### WHAT YOU HAVE TO DO
From the entries that follow, copy each line containing the word "track".

━━━━━━━━━━

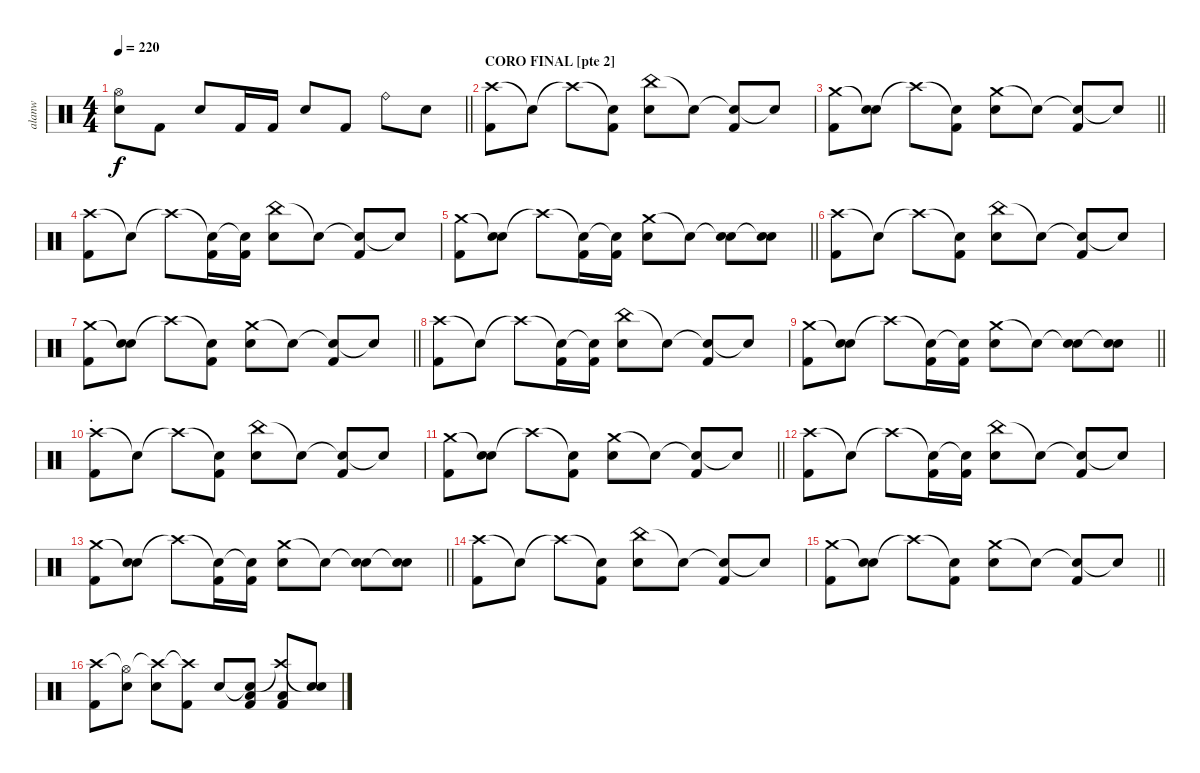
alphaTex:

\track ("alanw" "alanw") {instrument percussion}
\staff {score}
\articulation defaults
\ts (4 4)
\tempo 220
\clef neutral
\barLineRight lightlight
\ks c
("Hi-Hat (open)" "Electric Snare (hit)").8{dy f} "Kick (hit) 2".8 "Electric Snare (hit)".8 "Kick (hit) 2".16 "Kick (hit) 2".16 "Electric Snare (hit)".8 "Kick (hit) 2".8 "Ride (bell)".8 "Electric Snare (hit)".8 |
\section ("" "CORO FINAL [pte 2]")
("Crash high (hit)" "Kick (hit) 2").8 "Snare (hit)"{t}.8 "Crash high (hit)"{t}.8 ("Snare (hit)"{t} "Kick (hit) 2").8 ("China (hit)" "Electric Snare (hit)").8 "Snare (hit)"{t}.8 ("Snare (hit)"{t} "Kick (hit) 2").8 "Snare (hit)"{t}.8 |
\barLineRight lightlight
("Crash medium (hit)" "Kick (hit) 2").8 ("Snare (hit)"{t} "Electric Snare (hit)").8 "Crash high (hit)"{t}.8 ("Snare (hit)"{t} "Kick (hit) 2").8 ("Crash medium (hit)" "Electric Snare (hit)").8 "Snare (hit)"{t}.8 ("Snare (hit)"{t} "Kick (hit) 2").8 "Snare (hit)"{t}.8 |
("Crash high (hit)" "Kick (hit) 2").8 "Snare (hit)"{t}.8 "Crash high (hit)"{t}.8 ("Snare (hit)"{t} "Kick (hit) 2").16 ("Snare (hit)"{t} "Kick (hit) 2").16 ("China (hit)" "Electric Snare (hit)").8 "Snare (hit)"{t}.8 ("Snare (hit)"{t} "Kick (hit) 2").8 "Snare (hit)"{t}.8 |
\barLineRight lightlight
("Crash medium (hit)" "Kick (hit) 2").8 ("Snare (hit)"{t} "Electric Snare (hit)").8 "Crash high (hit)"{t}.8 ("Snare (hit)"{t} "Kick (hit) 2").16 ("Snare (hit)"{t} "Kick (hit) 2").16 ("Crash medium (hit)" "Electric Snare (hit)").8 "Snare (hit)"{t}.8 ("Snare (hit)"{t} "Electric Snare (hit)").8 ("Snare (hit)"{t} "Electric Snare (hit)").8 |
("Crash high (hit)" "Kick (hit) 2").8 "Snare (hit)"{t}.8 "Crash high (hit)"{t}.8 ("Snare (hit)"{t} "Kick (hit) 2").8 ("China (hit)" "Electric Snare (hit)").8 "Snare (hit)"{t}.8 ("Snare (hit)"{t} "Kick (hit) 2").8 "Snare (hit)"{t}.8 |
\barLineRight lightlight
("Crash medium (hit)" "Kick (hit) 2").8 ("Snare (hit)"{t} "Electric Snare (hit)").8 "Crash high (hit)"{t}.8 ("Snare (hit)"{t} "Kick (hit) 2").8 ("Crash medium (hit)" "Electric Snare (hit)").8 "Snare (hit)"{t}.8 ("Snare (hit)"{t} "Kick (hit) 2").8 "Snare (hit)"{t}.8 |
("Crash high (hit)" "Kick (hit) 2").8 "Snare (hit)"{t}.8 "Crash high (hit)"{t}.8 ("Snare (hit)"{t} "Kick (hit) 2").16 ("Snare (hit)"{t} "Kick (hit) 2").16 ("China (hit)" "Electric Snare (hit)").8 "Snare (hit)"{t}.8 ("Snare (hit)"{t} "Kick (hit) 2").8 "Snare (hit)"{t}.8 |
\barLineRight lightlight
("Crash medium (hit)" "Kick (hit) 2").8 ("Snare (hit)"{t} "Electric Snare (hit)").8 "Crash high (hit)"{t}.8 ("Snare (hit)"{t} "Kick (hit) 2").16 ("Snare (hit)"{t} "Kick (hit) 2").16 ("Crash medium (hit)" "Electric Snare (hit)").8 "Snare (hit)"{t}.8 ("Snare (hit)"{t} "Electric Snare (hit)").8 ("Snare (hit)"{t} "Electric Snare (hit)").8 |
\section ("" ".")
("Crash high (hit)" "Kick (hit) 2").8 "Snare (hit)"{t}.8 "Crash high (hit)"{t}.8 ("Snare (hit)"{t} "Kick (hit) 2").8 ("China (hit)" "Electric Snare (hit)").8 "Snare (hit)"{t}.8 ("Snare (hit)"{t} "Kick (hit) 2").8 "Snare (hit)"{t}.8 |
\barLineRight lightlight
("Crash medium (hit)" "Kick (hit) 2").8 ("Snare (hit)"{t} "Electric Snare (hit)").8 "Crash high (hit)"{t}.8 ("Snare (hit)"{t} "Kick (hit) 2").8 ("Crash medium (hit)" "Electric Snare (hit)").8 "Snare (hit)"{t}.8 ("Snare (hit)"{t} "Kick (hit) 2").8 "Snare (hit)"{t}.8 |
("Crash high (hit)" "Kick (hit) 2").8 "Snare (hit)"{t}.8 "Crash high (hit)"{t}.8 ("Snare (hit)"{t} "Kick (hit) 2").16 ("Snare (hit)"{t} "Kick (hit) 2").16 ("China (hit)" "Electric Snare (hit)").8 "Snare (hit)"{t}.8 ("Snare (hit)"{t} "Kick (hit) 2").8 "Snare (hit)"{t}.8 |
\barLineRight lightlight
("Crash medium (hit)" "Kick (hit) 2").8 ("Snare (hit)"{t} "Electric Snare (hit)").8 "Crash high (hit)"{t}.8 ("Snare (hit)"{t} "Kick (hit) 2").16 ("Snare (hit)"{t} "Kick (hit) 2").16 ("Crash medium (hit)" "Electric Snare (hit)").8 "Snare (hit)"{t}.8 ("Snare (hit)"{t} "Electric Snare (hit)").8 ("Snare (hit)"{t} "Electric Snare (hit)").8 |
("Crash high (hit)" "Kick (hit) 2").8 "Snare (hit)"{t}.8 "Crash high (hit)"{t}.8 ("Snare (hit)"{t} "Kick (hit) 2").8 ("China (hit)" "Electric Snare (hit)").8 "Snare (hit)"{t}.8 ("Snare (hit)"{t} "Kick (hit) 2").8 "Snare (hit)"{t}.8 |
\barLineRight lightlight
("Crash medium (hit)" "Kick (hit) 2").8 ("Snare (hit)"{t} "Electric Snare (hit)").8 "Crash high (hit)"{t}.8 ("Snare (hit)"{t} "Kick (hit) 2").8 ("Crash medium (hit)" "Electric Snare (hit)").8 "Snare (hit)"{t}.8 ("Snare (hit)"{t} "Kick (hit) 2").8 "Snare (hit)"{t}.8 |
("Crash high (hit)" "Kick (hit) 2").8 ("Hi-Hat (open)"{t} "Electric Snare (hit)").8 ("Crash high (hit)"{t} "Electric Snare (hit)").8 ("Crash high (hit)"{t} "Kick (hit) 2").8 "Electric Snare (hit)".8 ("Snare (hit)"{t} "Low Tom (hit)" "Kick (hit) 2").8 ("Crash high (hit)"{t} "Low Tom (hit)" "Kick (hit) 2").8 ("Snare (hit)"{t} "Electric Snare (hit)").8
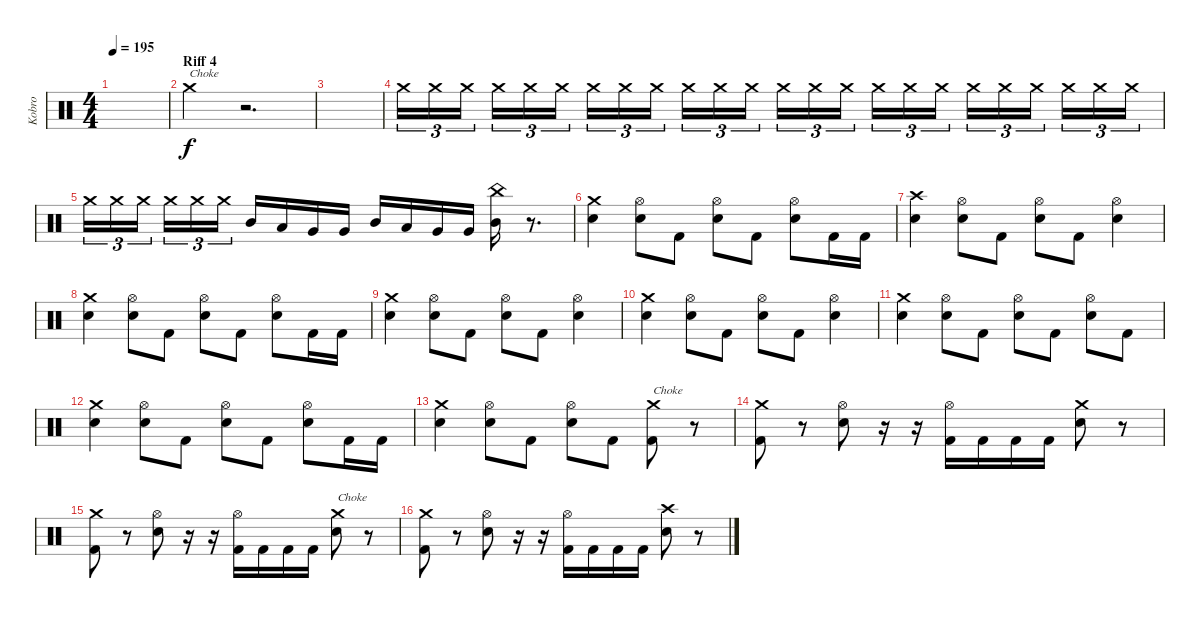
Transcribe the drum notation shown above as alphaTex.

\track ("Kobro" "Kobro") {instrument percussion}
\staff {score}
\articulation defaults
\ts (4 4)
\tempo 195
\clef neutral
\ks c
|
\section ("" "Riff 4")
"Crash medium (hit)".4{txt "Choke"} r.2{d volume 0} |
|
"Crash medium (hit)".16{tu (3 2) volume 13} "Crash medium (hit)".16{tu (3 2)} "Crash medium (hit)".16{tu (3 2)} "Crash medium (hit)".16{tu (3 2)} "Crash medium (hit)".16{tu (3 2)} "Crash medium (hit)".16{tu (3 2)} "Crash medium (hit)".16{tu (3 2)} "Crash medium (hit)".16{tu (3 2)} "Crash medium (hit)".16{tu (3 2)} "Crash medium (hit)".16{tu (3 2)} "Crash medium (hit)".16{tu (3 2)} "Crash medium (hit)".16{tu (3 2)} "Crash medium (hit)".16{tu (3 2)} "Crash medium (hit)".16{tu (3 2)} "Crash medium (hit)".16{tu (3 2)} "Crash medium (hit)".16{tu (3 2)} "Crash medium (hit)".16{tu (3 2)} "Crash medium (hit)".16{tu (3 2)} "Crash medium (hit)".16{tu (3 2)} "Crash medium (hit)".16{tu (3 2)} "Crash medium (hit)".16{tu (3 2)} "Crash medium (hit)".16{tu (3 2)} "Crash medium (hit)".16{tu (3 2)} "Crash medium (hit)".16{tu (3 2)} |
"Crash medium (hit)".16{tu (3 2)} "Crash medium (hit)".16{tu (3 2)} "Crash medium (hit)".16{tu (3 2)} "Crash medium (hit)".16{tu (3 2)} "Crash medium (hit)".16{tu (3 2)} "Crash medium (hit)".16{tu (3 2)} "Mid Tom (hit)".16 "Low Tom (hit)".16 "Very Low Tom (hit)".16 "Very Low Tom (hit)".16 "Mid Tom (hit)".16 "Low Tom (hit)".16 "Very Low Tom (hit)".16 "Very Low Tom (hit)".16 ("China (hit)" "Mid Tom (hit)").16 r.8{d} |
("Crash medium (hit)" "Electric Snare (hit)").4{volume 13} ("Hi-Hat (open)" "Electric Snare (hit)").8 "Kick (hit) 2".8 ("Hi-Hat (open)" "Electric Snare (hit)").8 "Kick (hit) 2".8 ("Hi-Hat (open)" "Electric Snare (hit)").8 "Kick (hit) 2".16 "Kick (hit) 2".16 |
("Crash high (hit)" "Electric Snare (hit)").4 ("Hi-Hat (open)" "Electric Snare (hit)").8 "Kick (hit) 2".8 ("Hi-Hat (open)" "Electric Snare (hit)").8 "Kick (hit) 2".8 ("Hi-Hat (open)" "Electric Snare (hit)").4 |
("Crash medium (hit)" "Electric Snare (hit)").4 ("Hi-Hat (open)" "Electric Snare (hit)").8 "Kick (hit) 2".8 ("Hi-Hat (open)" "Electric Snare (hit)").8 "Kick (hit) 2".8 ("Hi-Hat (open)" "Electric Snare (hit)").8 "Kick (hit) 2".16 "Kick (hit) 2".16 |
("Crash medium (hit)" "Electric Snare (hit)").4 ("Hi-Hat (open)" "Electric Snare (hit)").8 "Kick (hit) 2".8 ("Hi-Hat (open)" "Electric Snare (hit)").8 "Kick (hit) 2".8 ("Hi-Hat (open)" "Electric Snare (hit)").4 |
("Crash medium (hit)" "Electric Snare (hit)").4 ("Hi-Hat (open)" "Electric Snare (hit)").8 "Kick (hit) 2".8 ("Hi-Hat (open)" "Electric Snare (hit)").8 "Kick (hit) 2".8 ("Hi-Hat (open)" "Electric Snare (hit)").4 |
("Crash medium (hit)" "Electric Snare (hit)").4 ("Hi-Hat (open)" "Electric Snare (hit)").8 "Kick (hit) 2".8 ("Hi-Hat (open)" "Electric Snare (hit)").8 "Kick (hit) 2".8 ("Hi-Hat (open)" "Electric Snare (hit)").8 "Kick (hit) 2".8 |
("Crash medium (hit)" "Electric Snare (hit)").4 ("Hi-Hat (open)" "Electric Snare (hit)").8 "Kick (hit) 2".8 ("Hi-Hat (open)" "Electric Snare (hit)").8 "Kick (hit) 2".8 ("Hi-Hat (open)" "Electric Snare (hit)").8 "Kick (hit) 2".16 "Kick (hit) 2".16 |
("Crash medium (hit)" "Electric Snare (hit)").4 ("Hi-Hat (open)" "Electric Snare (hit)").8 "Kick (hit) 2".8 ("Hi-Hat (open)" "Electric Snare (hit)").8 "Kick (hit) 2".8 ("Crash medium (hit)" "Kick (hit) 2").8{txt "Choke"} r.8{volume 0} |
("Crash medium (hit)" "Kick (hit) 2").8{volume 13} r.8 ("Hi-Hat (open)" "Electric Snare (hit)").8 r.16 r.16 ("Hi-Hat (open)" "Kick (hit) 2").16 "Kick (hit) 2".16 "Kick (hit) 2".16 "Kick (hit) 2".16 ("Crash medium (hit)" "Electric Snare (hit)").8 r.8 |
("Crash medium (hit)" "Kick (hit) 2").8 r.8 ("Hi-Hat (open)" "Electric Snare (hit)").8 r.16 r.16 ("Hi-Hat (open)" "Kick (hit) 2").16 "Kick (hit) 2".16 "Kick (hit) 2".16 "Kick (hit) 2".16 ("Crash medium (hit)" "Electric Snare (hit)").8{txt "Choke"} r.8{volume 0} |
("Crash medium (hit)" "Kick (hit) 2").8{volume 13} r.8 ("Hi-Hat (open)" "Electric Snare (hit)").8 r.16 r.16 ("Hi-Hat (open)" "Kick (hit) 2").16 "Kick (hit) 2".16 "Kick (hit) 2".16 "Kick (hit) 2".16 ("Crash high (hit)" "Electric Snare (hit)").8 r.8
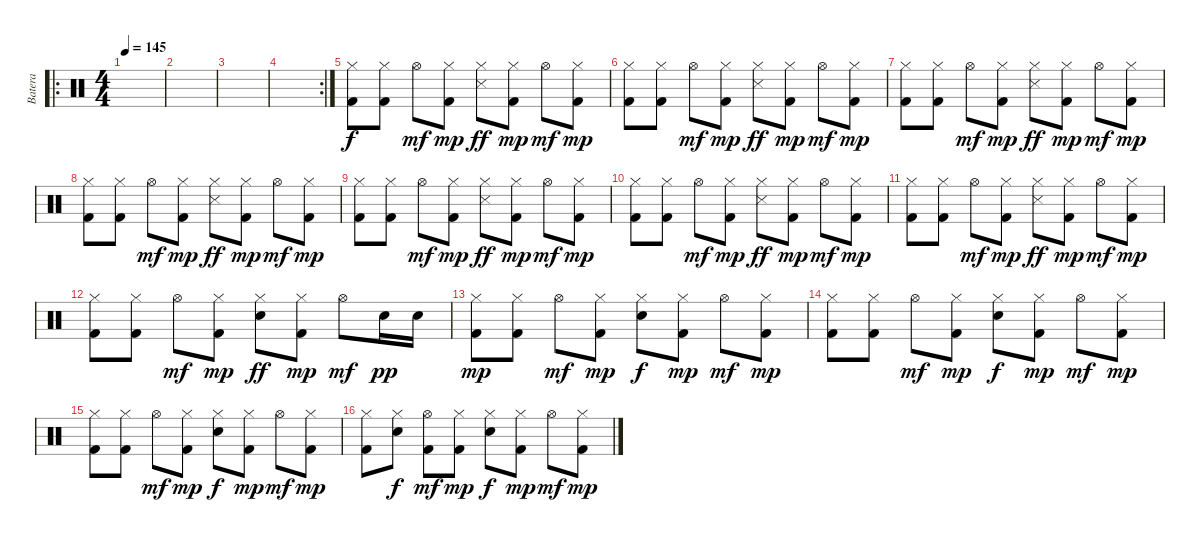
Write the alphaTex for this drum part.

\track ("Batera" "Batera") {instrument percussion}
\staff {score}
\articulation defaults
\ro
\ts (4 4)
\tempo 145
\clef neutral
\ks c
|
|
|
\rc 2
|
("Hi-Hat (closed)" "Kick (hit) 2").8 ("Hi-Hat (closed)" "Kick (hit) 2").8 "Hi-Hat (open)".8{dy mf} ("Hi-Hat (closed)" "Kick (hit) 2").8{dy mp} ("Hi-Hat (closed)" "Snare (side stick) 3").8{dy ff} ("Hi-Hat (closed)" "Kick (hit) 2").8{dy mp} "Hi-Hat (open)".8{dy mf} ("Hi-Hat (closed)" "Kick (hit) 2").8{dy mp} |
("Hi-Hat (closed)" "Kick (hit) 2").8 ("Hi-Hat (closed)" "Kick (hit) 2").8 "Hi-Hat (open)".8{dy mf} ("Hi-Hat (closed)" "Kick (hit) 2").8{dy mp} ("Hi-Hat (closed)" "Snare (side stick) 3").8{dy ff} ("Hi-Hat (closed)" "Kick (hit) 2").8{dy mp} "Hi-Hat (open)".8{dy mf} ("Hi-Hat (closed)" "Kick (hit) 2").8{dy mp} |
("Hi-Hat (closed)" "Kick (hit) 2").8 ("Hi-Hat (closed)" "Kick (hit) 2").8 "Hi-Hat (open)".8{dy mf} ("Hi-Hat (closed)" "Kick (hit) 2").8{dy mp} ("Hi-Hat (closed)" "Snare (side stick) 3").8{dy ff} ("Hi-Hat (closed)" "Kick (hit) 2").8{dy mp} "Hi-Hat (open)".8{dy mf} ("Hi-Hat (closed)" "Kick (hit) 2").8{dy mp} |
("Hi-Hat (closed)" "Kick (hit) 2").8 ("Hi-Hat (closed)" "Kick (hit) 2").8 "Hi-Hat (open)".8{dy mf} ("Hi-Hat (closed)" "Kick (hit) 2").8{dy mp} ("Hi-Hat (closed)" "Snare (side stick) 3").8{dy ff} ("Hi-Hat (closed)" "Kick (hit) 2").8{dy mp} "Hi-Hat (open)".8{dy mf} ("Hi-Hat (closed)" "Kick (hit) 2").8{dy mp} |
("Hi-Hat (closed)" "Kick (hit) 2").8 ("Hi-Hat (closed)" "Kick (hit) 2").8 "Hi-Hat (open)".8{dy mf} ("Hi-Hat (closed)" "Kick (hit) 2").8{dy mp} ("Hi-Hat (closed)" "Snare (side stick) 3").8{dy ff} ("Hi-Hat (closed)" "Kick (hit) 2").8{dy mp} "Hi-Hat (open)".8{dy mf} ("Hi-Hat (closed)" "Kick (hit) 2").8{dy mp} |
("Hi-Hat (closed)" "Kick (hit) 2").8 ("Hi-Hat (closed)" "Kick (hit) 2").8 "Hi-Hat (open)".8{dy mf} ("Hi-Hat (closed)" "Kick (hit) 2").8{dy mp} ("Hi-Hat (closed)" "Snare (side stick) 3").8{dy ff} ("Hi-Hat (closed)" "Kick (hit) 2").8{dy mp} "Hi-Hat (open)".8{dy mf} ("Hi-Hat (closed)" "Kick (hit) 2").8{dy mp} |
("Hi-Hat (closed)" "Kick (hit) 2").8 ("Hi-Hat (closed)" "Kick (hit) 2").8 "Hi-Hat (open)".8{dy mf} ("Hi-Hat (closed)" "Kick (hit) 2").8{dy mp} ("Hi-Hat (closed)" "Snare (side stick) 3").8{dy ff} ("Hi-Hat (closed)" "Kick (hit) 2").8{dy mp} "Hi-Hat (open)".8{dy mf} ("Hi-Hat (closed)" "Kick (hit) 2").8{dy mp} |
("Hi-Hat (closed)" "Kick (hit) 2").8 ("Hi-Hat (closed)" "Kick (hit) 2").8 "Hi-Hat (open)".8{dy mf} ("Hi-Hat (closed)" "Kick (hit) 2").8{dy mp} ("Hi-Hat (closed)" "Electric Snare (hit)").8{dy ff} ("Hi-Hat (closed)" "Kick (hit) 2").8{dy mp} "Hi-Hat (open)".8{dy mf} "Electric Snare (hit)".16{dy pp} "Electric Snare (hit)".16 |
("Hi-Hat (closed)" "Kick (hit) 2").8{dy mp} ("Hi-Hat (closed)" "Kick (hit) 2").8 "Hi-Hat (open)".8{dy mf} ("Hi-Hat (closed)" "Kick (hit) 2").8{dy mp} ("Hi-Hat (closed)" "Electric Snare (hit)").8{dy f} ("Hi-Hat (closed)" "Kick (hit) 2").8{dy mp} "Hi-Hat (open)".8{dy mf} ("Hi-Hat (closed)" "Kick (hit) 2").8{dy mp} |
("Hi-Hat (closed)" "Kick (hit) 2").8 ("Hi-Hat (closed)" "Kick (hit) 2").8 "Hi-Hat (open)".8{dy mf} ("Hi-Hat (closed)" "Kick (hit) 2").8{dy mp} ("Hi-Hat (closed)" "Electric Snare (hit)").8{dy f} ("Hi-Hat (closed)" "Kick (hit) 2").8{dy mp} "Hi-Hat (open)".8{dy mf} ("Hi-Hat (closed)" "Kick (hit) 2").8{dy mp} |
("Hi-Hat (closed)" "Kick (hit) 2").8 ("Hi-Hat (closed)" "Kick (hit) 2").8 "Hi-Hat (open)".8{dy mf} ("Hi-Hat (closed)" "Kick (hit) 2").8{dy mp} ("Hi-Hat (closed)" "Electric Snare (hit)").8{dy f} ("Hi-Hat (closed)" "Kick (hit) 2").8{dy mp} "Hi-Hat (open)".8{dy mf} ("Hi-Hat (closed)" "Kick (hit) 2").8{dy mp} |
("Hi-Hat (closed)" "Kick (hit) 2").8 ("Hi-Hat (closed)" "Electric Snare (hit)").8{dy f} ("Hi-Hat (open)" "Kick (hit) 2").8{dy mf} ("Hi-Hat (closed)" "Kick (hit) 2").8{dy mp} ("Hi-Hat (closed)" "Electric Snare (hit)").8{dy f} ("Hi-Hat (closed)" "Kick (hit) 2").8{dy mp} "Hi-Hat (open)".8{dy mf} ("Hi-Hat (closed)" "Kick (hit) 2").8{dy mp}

━━━━━━━━━━

### EXERCISE SOLUTION
\track ("alanw" "alanw") {instrument percussion}
\track ("Kobro" "Kobro") {instrument percussion}
\track ("Batera" "Batera") {instrument percussion}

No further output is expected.